[Saved data entries]
- Opening Delimiter -

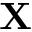Convert formula to latex. <formula><loc_0><loc_0><loc_500><loc_500>X</formula> 
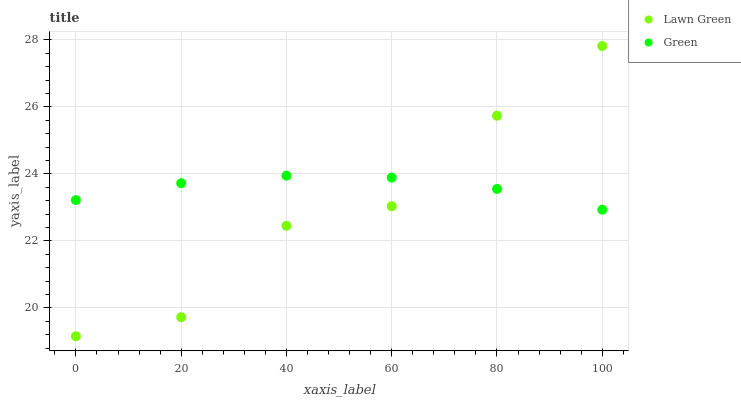Does Lawn Green have the minimum area under the curve?
Answer yes or no. Yes. Does Green have the maximum area under the curve?
Answer yes or no. Yes. Does Green have the minimum area under the curve?
Answer yes or no. No. Is Green the smoothest?
Answer yes or no. Yes. Is Lawn Green the roughest?
Answer yes or no. Yes. Is Green the roughest?
Answer yes or no. No. Does Lawn Green have the lowest value?
Answer yes or no. Yes. Does Green have the lowest value?
Answer yes or no. No. Does Lawn Green have the highest value?
Answer yes or no. Yes. Does Green have the highest value?
Answer yes or no. No. Does Lawn Green intersect Green?
Answer yes or no. Yes. Is Lawn Green less than Green?
Answer yes or no. No. Is Lawn Green greater than Green?
Answer yes or no. No.

- Closing Delimiter -

Try it: Look through the data and show every line containing "value".

Solved problem:
Answer yes or no. No. Does Lawn Green have the lowest value?
Answer yes or no. Yes. Does Green have the lowest value?
Answer yes or no. No. Does Lawn Green have the highest value?
Answer yes or no. Yes. Does Green have the highest value?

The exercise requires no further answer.